Wednesday, February 14, 2007

I Preview the Previews So's You Don't Have To...




First up, 300, by Zack Snyder, based on the Frank Miller graphic novel. (uh, can we go back to calling them 'comic books' , now? Please?)

Aw, Dood! This looks SO FREAKIN' COOL!! There's like, war rhinos and ugly dudes with chains in their nose, and -aw, this is like a Frank Frazetta painting come to life! You know, like 'The Death Dealer', which was used for the cover of that one "Thin Lizzy" album?
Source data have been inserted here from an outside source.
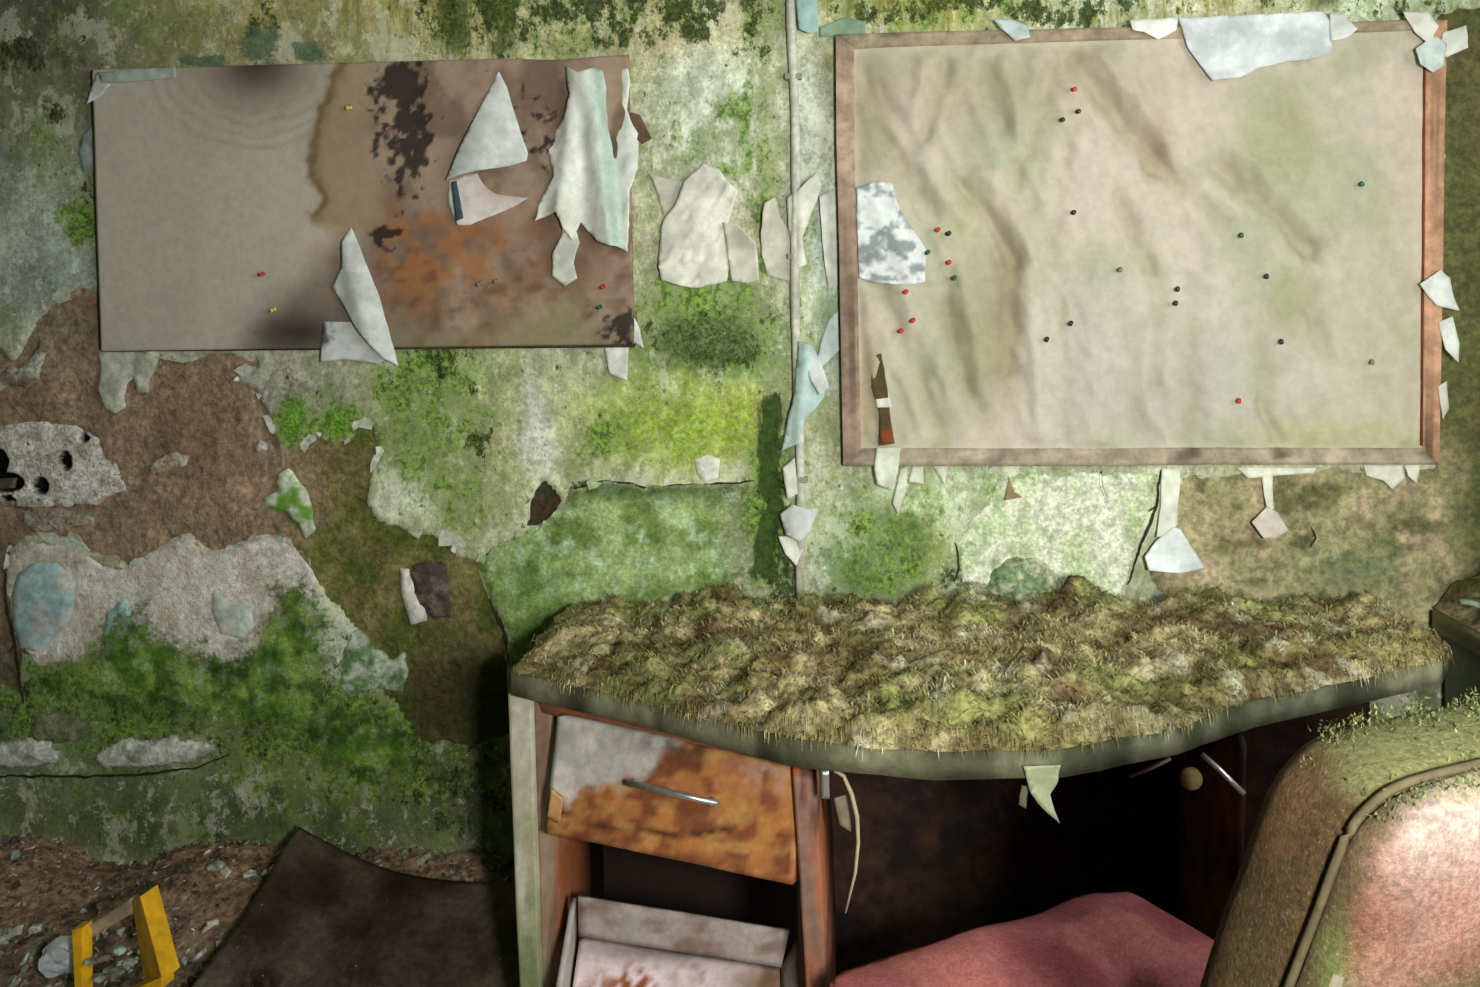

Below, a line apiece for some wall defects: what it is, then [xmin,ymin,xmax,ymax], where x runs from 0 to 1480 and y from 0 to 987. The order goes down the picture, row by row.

damp [180,55,224,67]
damp [241,26,324,63]
damp [438,0,472,57]
damp [489,0,521,52]
flaking render [1145,8,1480,625]
peeling [695,455,720,481]
flaking render [0,282,510,745]
flaking render [521,476,561,530]

Maybe I'm thinking of 'Nazareth's' 'Expect No Mercy'? Anyway, the Spartans are these beefy dudes with six-pack abs, which I could totally have if I got back into doing sit-ups and crunches but anyways then there's a scene where some Arab Urka-Durka dude hisses, "Our arrows will blot out the sun!" and some Spartan Justin Timberlake says "Then we will fight in the shade!" and that's what's known as "Laconic Humor". Then Gerald Butler screams and they digitally remove the spittle flying from his beard. Oh, and NIN is on the soundtrack.
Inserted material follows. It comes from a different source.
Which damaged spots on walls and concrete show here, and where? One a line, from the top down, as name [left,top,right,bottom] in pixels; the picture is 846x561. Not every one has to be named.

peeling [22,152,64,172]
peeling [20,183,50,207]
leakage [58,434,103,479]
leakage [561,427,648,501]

If you see this movie, you are gay. Or a fat-ass secretary who's got a 'hunky fireman' calendar hanging in her work cubicle. Or a comic geek. Or - Ah, who'm I trying to kid? I'm gonna go see it like every one else...




Next, The Astronaut Farmer.
So, Billy Bob Thorton is this quiet, laconic (Hee) farmer, and he's building a rocket to launch into orbit in his back 40, and his wife looks on in loving indulgence, and his kids look up to him with stars in their eyes, (double-hee) and those mean old FBI and NASA guys wanna stop him, and the bank's gonna foreclose on his land and Jay Leno cracks a joke. And the whole trailer is one long bathetic spiel about how it's great to have a dream, no matter how 'zany', and how this is America and you can reach for the stars, and how the laconic farmer zings the NASA guys when they ask him how they can't be sure he isn't building a WMD and he says, 'cause if he was, they wouldn't have found it! Oh, snap! At the end of the trailer, we see his satisfied look as the sun shines on his spacesuit visor, so obviously, he made it, so now you don't need to see the movie.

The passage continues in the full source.